* _Assignment_:
Check each line of the material below for the word "shadow". State how many lines have it, and nothing more.

* _Supplied data_:
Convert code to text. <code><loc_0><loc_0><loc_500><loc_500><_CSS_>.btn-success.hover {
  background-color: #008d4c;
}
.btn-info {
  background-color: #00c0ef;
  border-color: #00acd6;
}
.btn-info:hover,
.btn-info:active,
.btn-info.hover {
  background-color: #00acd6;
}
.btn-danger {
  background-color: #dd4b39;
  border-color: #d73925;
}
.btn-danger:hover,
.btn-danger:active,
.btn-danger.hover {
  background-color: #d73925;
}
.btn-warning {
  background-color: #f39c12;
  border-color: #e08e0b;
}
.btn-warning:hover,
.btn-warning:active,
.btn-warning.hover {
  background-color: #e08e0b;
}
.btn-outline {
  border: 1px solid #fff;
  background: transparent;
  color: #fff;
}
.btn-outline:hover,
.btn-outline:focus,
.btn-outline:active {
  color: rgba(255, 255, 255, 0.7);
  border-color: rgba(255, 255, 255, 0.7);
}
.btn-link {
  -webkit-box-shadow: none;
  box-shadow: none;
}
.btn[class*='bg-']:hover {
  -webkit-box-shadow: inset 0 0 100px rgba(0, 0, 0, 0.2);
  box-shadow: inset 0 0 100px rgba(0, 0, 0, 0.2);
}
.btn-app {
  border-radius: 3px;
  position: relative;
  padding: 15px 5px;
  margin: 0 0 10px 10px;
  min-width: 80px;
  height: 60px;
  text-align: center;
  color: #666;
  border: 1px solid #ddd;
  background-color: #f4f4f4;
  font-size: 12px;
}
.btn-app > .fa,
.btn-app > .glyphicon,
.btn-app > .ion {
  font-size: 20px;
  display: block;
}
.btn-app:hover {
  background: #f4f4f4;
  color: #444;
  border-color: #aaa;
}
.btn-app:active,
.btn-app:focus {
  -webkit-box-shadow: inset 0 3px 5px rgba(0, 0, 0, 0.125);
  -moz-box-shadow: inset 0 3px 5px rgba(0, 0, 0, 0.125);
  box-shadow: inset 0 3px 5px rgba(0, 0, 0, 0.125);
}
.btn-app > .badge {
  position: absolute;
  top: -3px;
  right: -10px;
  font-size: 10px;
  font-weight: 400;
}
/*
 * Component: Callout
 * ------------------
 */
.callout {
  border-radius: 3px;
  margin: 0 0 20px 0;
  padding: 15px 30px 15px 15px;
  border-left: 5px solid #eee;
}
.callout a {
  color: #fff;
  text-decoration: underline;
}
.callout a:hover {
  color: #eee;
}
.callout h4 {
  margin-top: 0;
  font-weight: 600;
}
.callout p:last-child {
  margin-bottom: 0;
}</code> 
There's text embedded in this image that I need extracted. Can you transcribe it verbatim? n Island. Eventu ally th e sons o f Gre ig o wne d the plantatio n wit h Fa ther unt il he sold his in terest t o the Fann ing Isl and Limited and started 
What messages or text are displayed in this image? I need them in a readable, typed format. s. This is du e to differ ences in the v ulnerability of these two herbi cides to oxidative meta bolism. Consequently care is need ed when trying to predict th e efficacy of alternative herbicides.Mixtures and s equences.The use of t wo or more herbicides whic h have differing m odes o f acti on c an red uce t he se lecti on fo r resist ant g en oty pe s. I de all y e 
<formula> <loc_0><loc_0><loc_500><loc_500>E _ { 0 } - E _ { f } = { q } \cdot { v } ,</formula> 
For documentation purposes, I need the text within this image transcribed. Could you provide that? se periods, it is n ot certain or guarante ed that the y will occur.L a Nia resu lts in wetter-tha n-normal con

* _Finished exercise_:
7